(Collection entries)
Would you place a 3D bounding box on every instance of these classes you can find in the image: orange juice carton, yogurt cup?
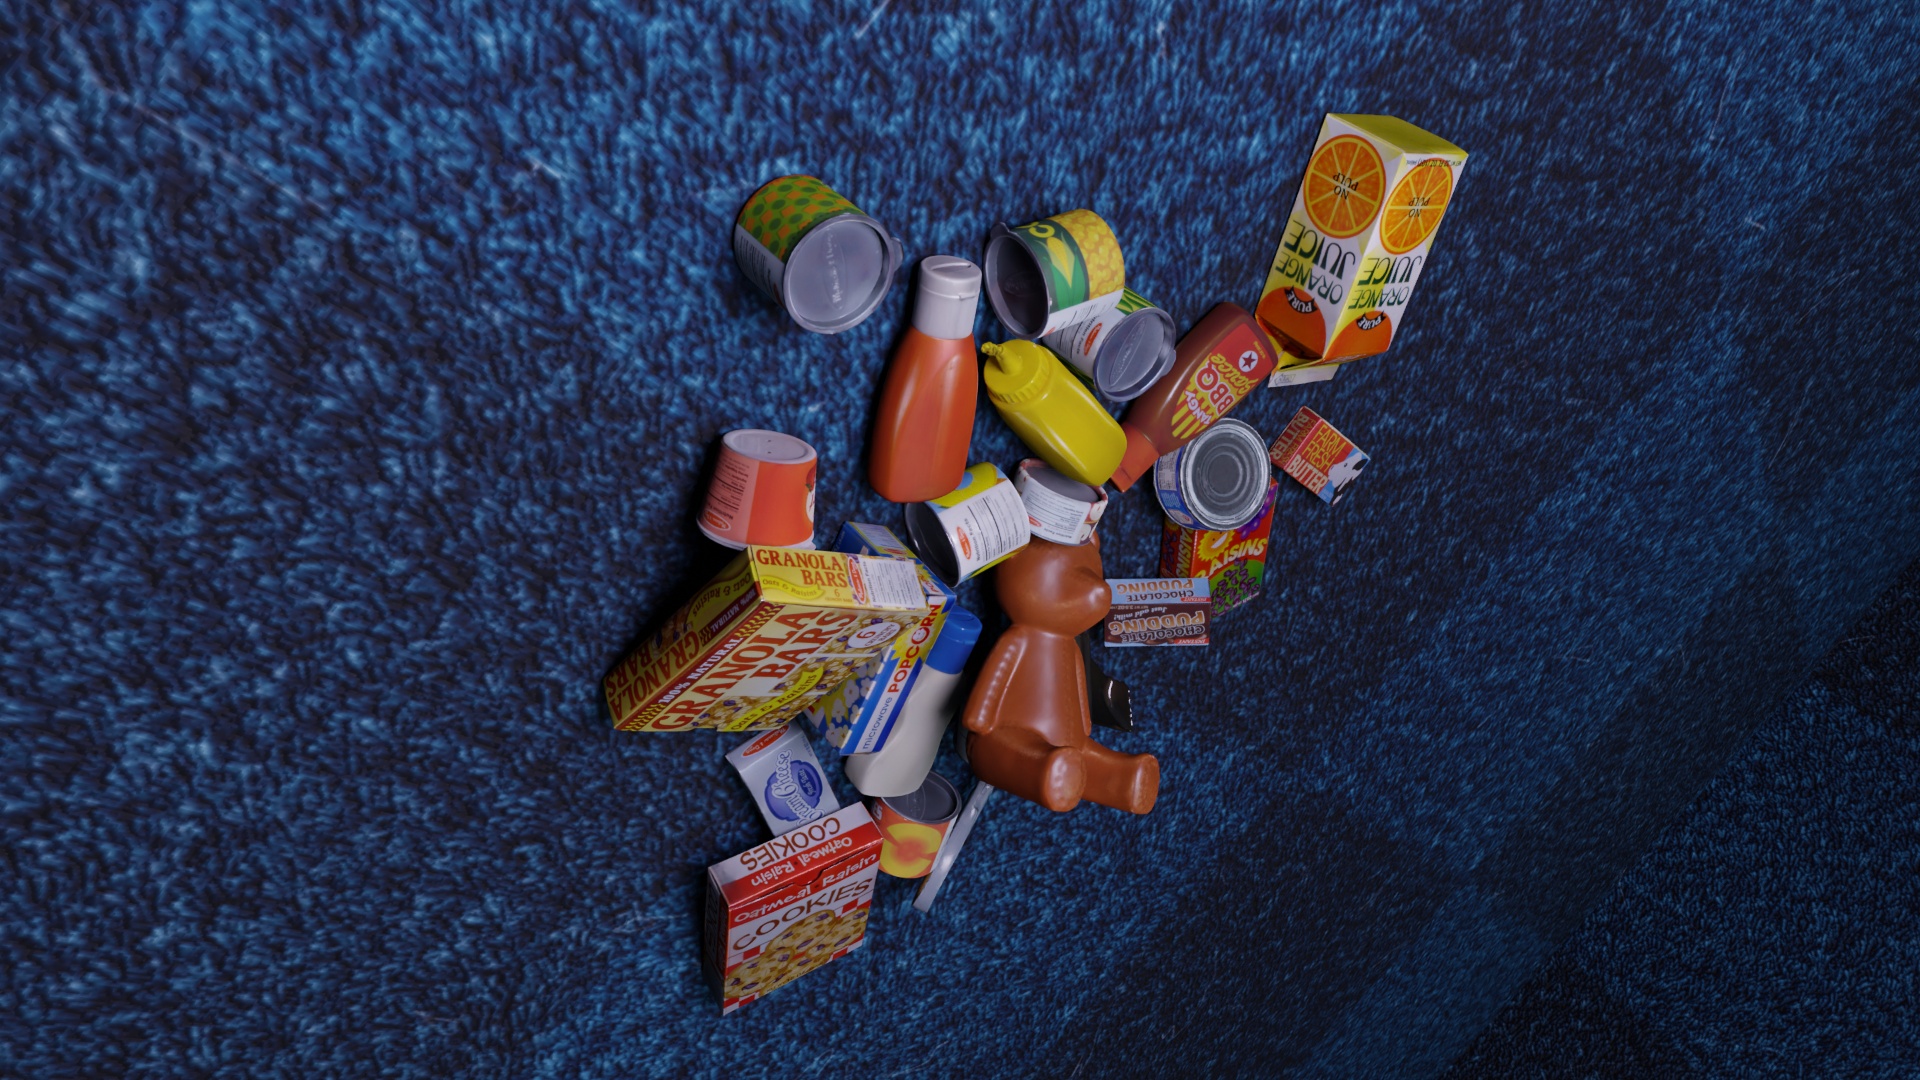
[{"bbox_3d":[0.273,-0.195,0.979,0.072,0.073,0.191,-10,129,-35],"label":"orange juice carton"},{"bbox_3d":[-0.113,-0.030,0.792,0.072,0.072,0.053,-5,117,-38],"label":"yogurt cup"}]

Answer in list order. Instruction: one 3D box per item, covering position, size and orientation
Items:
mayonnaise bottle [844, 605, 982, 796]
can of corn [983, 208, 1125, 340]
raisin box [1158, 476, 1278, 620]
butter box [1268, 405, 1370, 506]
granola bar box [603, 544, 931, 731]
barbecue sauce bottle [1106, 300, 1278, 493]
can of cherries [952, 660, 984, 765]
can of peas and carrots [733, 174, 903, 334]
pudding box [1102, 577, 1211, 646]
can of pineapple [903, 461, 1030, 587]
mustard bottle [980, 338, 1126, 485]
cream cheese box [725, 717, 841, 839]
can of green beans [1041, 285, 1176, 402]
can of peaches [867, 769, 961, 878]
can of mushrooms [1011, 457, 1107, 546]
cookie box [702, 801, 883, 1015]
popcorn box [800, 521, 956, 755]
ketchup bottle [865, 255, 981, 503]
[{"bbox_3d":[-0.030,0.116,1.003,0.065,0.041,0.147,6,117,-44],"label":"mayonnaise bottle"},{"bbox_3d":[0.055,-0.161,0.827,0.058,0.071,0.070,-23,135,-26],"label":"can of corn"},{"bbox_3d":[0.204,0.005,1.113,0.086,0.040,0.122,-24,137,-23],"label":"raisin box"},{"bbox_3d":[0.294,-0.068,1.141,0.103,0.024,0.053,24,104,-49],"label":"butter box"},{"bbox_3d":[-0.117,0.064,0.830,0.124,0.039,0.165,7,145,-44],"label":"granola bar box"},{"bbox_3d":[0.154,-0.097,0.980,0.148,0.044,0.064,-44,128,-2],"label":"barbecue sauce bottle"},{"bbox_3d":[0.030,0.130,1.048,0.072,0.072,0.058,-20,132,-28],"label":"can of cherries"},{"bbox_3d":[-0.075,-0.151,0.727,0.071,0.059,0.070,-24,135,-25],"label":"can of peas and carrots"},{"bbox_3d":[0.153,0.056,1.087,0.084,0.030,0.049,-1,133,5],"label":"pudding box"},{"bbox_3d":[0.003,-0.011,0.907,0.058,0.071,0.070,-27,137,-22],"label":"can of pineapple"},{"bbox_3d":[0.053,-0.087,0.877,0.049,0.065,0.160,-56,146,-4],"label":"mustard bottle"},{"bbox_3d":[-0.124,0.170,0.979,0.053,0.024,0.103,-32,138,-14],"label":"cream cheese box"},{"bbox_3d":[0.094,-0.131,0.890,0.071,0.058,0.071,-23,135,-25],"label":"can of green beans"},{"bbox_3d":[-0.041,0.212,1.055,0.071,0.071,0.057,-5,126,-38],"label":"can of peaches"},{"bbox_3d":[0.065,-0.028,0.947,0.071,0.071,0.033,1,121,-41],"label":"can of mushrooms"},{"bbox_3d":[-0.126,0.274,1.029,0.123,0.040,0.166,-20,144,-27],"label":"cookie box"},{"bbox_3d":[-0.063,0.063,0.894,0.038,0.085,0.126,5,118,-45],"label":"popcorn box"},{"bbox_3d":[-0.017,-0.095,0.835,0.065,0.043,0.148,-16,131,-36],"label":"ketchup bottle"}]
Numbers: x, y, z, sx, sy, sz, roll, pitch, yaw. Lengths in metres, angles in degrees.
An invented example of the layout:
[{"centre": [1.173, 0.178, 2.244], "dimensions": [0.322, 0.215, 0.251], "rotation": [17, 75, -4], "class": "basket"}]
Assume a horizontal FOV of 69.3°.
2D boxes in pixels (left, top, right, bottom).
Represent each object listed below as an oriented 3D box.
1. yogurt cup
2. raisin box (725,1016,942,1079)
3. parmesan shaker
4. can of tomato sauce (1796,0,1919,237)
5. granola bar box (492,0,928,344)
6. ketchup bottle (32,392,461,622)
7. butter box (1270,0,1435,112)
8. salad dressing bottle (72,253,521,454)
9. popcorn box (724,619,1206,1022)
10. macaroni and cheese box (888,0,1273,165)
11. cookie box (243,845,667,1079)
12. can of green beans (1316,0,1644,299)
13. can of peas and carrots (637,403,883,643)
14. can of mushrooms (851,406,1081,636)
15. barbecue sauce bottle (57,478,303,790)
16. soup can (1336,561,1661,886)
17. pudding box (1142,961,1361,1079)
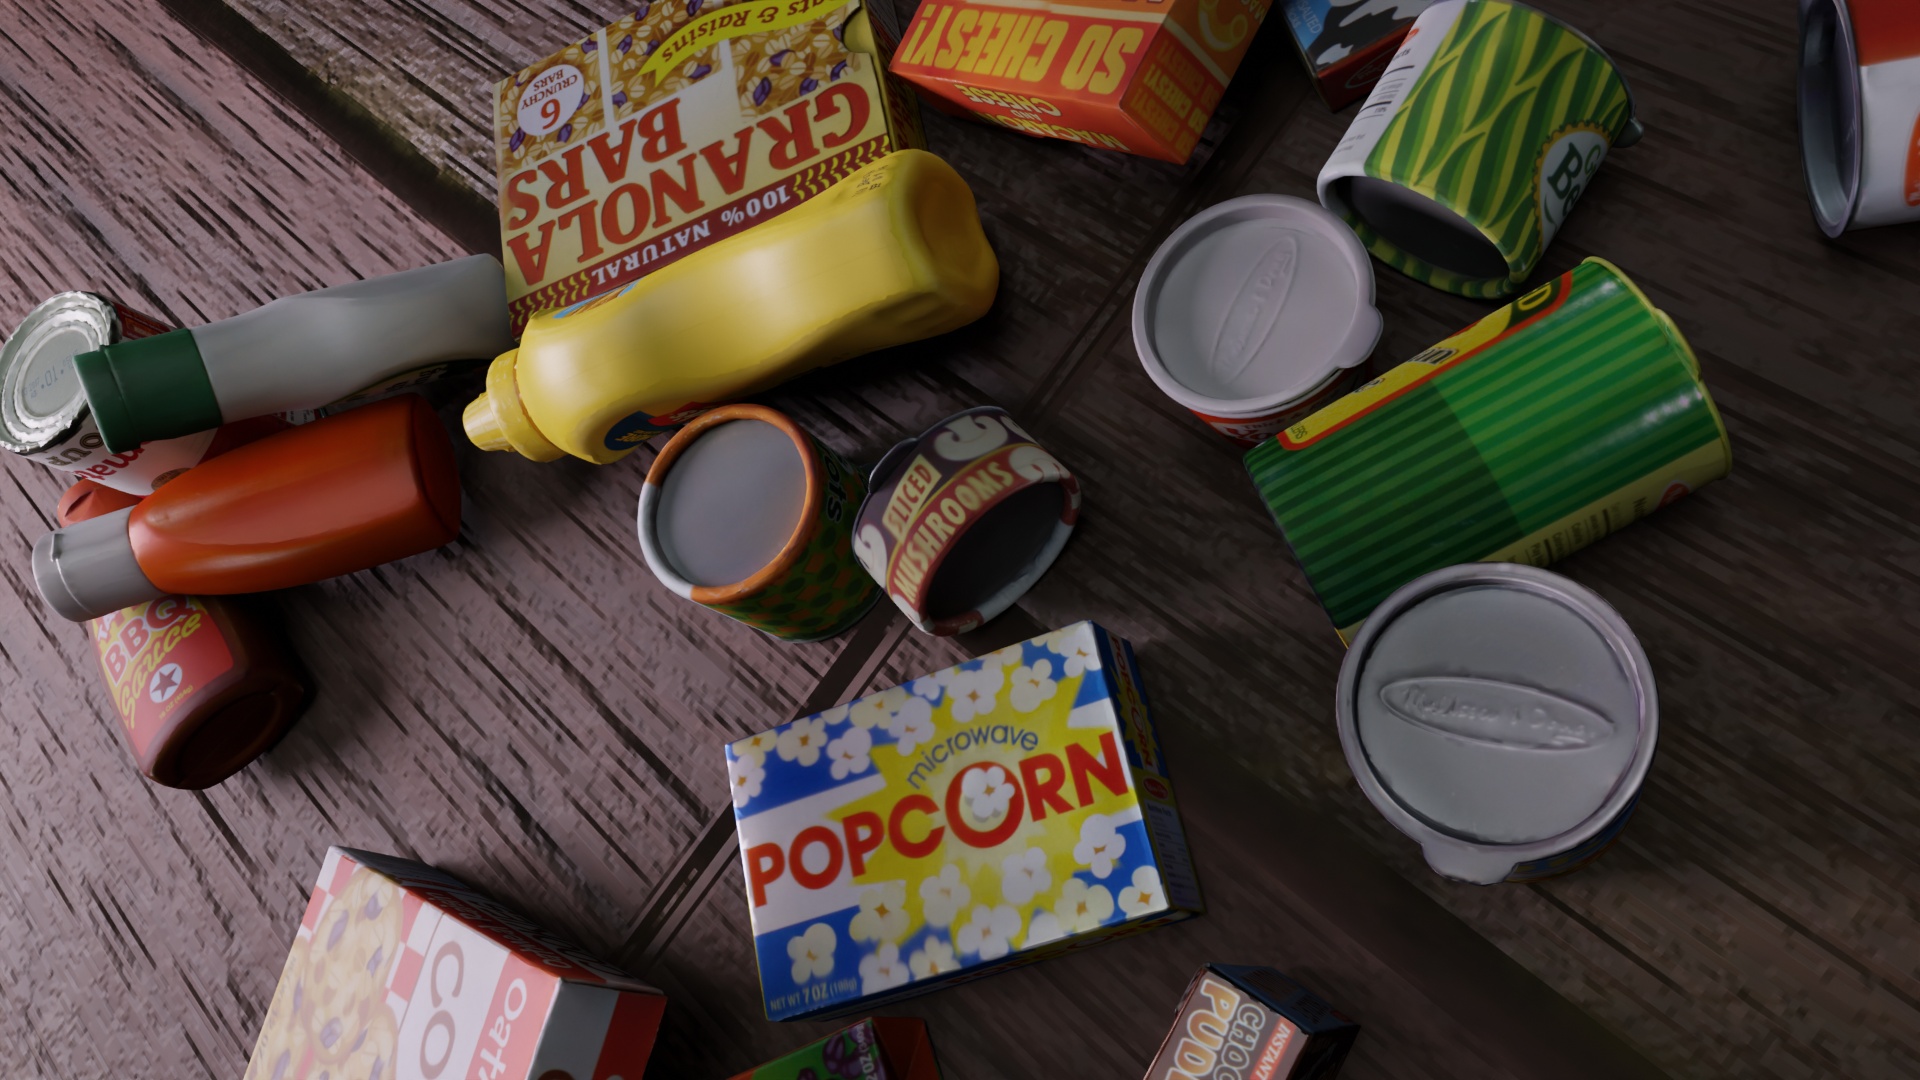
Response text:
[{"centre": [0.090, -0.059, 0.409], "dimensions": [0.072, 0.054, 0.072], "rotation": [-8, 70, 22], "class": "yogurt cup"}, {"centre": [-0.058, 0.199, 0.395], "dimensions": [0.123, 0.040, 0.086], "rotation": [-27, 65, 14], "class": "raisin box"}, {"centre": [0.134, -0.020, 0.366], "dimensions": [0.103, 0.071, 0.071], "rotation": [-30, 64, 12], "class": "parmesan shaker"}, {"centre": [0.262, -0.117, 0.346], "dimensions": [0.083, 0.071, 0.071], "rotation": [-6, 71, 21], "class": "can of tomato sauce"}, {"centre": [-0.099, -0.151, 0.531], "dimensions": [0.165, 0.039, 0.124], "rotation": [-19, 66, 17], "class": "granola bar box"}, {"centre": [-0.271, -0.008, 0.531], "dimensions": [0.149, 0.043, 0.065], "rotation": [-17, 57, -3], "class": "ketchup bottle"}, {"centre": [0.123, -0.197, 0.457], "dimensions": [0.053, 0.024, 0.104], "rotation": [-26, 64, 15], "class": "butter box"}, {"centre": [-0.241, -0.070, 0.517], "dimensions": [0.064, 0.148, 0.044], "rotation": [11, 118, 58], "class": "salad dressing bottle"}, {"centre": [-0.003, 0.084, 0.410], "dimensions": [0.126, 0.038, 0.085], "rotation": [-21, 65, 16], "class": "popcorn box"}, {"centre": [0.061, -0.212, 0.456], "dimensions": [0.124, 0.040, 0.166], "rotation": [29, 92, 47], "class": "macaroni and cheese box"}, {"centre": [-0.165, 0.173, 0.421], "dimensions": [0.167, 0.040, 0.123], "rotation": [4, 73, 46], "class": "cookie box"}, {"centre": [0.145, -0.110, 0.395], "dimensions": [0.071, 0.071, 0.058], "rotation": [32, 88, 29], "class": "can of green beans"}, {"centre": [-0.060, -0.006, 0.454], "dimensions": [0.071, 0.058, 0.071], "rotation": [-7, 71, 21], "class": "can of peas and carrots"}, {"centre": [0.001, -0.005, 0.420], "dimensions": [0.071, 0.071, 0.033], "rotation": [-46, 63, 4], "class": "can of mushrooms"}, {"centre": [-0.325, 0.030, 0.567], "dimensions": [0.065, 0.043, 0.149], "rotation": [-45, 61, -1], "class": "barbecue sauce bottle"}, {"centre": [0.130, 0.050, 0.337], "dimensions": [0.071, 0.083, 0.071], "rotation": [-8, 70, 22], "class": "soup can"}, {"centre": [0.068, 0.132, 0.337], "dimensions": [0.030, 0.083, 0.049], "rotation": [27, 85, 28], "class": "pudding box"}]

How to complete this task: Omit all pictures while transcribing the entries verbatim.

Completed exercise:
Would you place a 3D bounding box on every instance of these classes you can find in the image: orange juice carton, yogurt cup?
[{"bbox_3d":[0.273,-0.195,0.979,0.072,0.073,0.191,-10,129,-35],"label":"orange juice carton"},{"bbox_3d":[-0.113,-0.030,0.792,0.072,0.072,0.053,-5,117,-38],"label":"yogurt cup"}]

Answer in list order. Instruction: one 3D box per item, covering position, size and orientation
Items:
mayonnaise bottle [844, 605, 982, 796]
can of corn [983, 208, 1125, 340]
raisin box [1158, 476, 1278, 620]
butter box [1268, 405, 1370, 506]
granola bar box [603, 544, 931, 731]
barbecue sauce bottle [1106, 300, 1278, 493]
can of cherries [952, 660, 984, 765]
can of peas and carrots [733, 174, 903, 334]
pudding box [1102, 577, 1211, 646]
can of pineapple [903, 461, 1030, 587]
mustard bottle [980, 338, 1126, 485]
cream cheese box [725, 717, 841, 839]
can of green beans [1041, 285, 1176, 402]
can of peaches [867, 769, 961, 878]
can of mushrooms [1011, 457, 1107, 546]
cookie box [702, 801, 883, 1015]
popcorn box [800, 521, 956, 755]
ketchup bottle [865, 255, 981, 503]
[{"bbox_3d":[-0.030,0.116,1.003,0.065,0.041,0.147,6,117,-44],"label":"mayonnaise bottle"},{"bbox_3d":[0.055,-0.161,0.827,0.058,0.071,0.070,-23,135,-26],"label":"can of corn"},{"bbox_3d":[0.204,0.005,1.113,0.086,0.040,0.122,-24,137,-23],"label":"raisin box"},{"bbox_3d":[0.294,-0.068,1.141,0.103,0.024,0.053,24,104,-49],"label":"butter box"},{"bbox_3d":[-0.117,0.064,0.830,0.124,0.039,0.165,7,145,-44],"label":"granola bar box"},{"bbox_3d":[0.154,-0.097,0.980,0.148,0.044,0.064,-44,128,-2],"label":"barbecue sauce bottle"},{"bbox_3d":[0.030,0.130,1.048,0.072,0.072,0.058,-20,132,-28],"label":"can of cherries"},{"bbox_3d":[-0.075,-0.151,0.727,0.071,0.059,0.070,-24,135,-25],"label":"can of peas and carrots"},{"bbox_3d":[0.153,0.056,1.087,0.084,0.030,0.049,-1,133,5],"label":"pudding box"},{"bbox_3d":[0.003,-0.011,0.907,0.058,0.071,0.070,-27,137,-22],"label":"can of pineapple"},{"bbox_3d":[0.053,-0.087,0.877,0.049,0.065,0.160,-56,146,-4],"label":"mustard bottle"},{"bbox_3d":[-0.124,0.170,0.979,0.053,0.024,0.103,-32,138,-14],"label":"cream cheese box"},{"bbox_3d":[0.094,-0.131,0.890,0.071,0.058,0.071,-23,135,-25],"label":"can of green beans"},{"bbox_3d":[-0.041,0.212,1.055,0.071,0.071,0.057,-5,126,-38],"label":"can of peaches"},{"bbox_3d":[0.065,-0.028,0.947,0.071,0.071,0.033,1,121,-41],"label":"can of mushrooms"},{"bbox_3d":[-0.126,0.274,1.029,0.123,0.040,0.166,-20,144,-27],"label":"cookie box"},{"bbox_3d":[-0.063,0.063,0.894,0.038,0.085,0.126,5,118,-45],"label":"popcorn box"},{"bbox_3d":[-0.017,-0.095,0.835,0.065,0.043,0.148,-16,131,-36],"label":"ketchup bottle"}]
Numbers: x, y, z, sx, sy, sz, roll, pitch, yaw. Lengths in metres, angles in degrees.
An invented example of the layout:
[{"centre": [1.173, 0.178, 2.244], "dimensions": [0.322, 0.215, 0.251], "rotation": [17, 75, -4], "class": "basket"}]
Assume a horizontal FOV of 69.3°.
2D boxes in pixels (left, top, right, bottom).
Represent each object listed below as an oriented 3D box.
1. yogurt cup
2. raisin box (725,1016,942,1079)
3. parmesan shaker
4. can of tomato sauce (1796,0,1919,237)
5. granola bar box (492,0,928,344)
6. ketchup bottle (32,392,461,622)
7. butter box (1270,0,1435,112)
8. salad dressing bottle (72,253,521,454)
9. popcorn box (724,619,1206,1022)
10. macaroni and cheese box (888,0,1273,165)
11. cookie box (243,845,667,1079)
12. can of green beans (1316,0,1644,299)
13. can of peas and carrots (637,403,883,643)
14. can of mushrooms (851,406,1081,636)
15. barbecue sauce bottle (57,478,303,790)
16. soup can (1336,561,1661,886)
17. pudding box (1142,961,1361,1079)
Response text:
[{"centre": [0.090, -0.059, 0.409], "dimensions": [0.072, 0.054, 0.072], "rotation": [-8, 70, 22], "class": "yogurt cup"}, {"centre": [-0.058, 0.199, 0.395], "dimensions": [0.123, 0.040, 0.086], "rotation": [-27, 65, 14], "class": "raisin box"}, {"centre": [0.134, -0.020, 0.366], "dimensions": [0.103, 0.071, 0.071], "rotation": [-30, 64, 12], "class": "parmesan shaker"}, {"centre": [0.262, -0.117, 0.346], "dimensions": [0.083, 0.071, 0.071], "rotation": [-6, 71, 21], "class": "can of tomato sauce"}, {"centre": [-0.099, -0.151, 0.531], "dimensions": [0.165, 0.039, 0.124], "rotation": [-19, 66, 17], "class": "granola bar box"}, {"centre": [-0.271, -0.008, 0.531], "dimensions": [0.149, 0.043, 0.065], "rotation": [-17, 57, -3], "class": "ketchup bottle"}, {"centre": [0.123, -0.197, 0.457], "dimensions": [0.053, 0.024, 0.104], "rotation": [-26, 64, 15], "class": "butter box"}, {"centre": [-0.241, -0.070, 0.517], "dimensions": [0.064, 0.148, 0.044], "rotation": [11, 118, 58], "class": "salad dressing bottle"}, {"centre": [-0.003, 0.084, 0.410], "dimensions": [0.126, 0.038, 0.085], "rotation": [-21, 65, 16], "class": "popcorn box"}, {"centre": [0.061, -0.212, 0.456], "dimensions": [0.124, 0.040, 0.166], "rotation": [29, 92, 47], "class": "macaroni and cheese box"}, {"centre": [-0.165, 0.173, 0.421], "dimensions": [0.167, 0.040, 0.123], "rotation": [4, 73, 46], "class": "cookie box"}, {"centre": [0.145, -0.110, 0.395], "dimensions": [0.071, 0.071, 0.058], "rotation": [32, 88, 29], "class": "can of green beans"}, {"centre": [-0.060, -0.006, 0.454], "dimensions": [0.071, 0.058, 0.071], "rotation": [-7, 71, 21], "class": "can of peas and carrots"}, {"centre": [0.001, -0.005, 0.420], "dimensions": [0.071, 0.071, 0.033], "rotation": [-46, 63, 4], "class": "can of mushrooms"}, {"centre": [-0.325, 0.030, 0.567], "dimensions": [0.065, 0.043, 0.149], "rotation": [-45, 61, -1], "class": "barbecue sauce bottle"}, {"centre": [0.130, 0.050, 0.337], "dimensions": [0.071, 0.083, 0.071], "rotation": [-8, 70, 22], "class": "soup can"}, {"centre": [0.068, 0.132, 0.337], "dimensions": [0.030, 0.083, 0.049], "rotation": [27, 85, 28], "class": "pudding box"}]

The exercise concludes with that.